▶ _Work request_: Would you please write out only the lines running from the top of the listing through the one holding "Answer yes or no. Yes. Is Yellow Green less", exactly, with both ends kept and pictures left out?

▶ _Data supplied_:
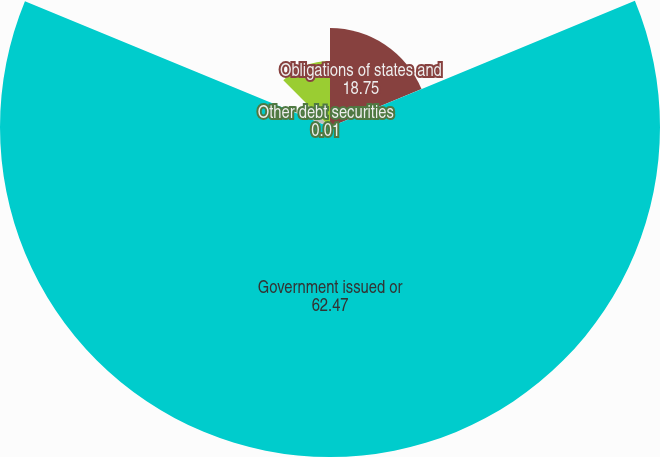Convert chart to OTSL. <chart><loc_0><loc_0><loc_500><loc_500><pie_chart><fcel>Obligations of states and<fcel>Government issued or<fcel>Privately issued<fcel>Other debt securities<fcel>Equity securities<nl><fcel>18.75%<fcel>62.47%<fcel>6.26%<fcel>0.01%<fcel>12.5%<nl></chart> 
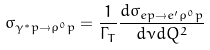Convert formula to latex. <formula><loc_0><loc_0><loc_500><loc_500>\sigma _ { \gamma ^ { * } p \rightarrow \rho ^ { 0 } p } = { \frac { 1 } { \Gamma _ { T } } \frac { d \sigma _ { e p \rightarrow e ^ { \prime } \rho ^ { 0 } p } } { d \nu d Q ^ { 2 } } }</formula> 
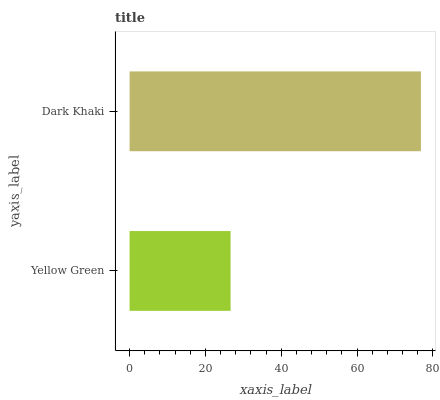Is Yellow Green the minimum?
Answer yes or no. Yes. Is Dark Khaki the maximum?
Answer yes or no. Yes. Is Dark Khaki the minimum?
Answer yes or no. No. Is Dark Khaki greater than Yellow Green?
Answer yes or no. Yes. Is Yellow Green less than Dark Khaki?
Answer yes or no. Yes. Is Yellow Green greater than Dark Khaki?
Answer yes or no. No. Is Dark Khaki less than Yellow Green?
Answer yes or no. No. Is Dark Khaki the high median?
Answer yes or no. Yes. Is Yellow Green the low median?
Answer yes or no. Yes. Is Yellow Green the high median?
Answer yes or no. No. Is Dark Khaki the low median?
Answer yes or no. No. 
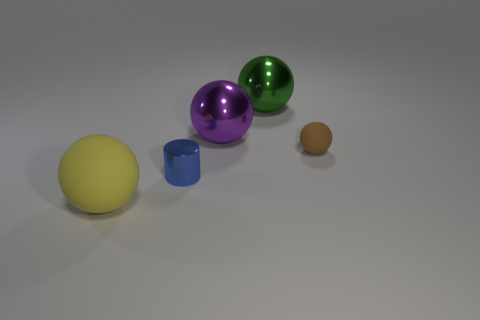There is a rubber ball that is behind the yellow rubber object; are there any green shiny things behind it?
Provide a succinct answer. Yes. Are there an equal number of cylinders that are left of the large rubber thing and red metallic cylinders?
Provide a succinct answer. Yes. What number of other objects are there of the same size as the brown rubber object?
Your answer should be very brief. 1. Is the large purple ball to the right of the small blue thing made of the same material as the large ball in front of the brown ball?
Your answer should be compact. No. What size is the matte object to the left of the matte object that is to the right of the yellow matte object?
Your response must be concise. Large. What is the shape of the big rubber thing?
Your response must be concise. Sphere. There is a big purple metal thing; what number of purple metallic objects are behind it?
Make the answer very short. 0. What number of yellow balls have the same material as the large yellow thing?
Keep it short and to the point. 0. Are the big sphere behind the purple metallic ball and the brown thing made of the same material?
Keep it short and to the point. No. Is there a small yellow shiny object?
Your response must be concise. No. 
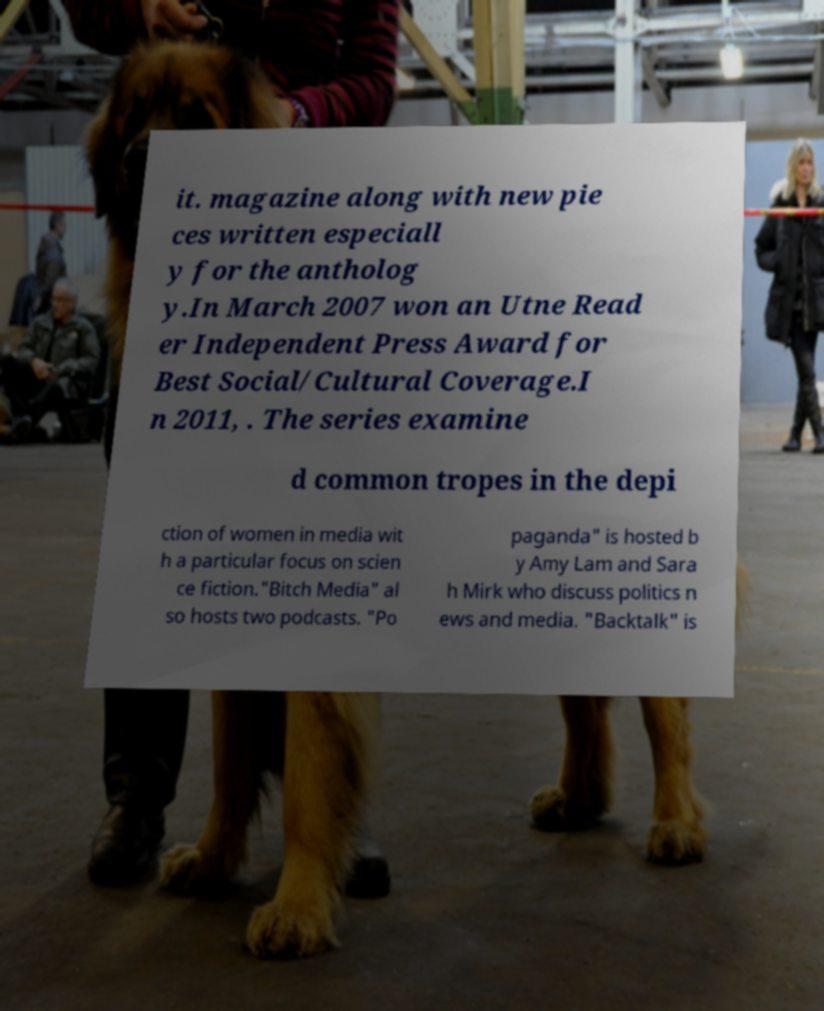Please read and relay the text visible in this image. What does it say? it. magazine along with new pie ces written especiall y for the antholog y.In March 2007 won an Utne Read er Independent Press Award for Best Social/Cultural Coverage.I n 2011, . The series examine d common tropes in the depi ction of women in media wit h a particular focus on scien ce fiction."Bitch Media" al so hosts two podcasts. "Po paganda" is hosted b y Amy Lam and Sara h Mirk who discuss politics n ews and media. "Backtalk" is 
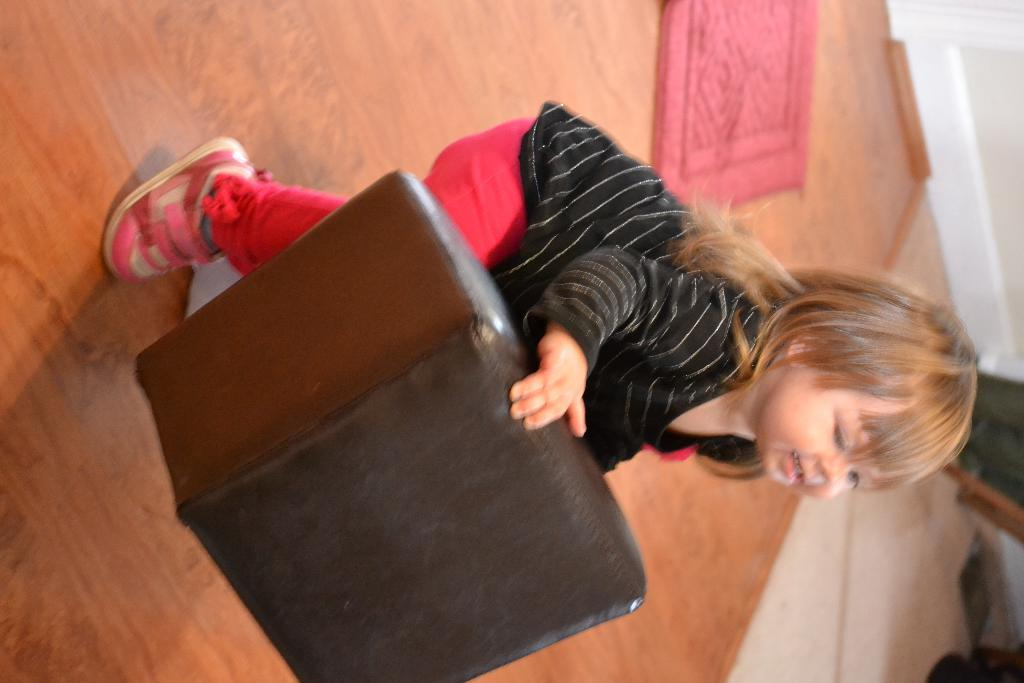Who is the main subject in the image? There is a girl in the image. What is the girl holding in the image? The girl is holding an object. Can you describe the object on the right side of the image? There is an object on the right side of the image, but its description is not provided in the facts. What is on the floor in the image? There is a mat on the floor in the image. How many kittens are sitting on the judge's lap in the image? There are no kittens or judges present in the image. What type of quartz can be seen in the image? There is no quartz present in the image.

▶ _Answer for the task_:
Convert chart to OTSL. <chart><loc_0><loc_0><loc_500><loc_500><pie_chart><fcel>Obligations of states and<fcel>Government issued or<fcel>Privately issued<fcel>Other debt securities<fcel>Equity securities<nl><fcel>18.75%<fcel>62.47%<fcel>6.26%<fcel>0.01%<fcel>12.5%<nl></chart> 
Convert formula to latex. <formula><loc_0><loc_0><loc_500><loc_500>\sigma _ { \gamma ^ { * } p \rightarrow \rho ^ { 0 } p } = { \frac { 1 } { \Gamma _ { T } } \frac { d \sigma _ { e p \rightarrow e ^ { \prime } \rho ^ { 0 } p } } { d \nu d Q ^ { 2 } } }</formula> 
Is Yellow Green the minimum?
Answer yes or no. Yes. Is Dark Khaki the maximum?
Answer yes or no. Yes. Is Dark Khaki the minimum?
Answer yes or no. No. Is Dark Khaki greater than Yellow Green?
Answer yes or no. Yes. Is Yellow Green less than Dark Khaki?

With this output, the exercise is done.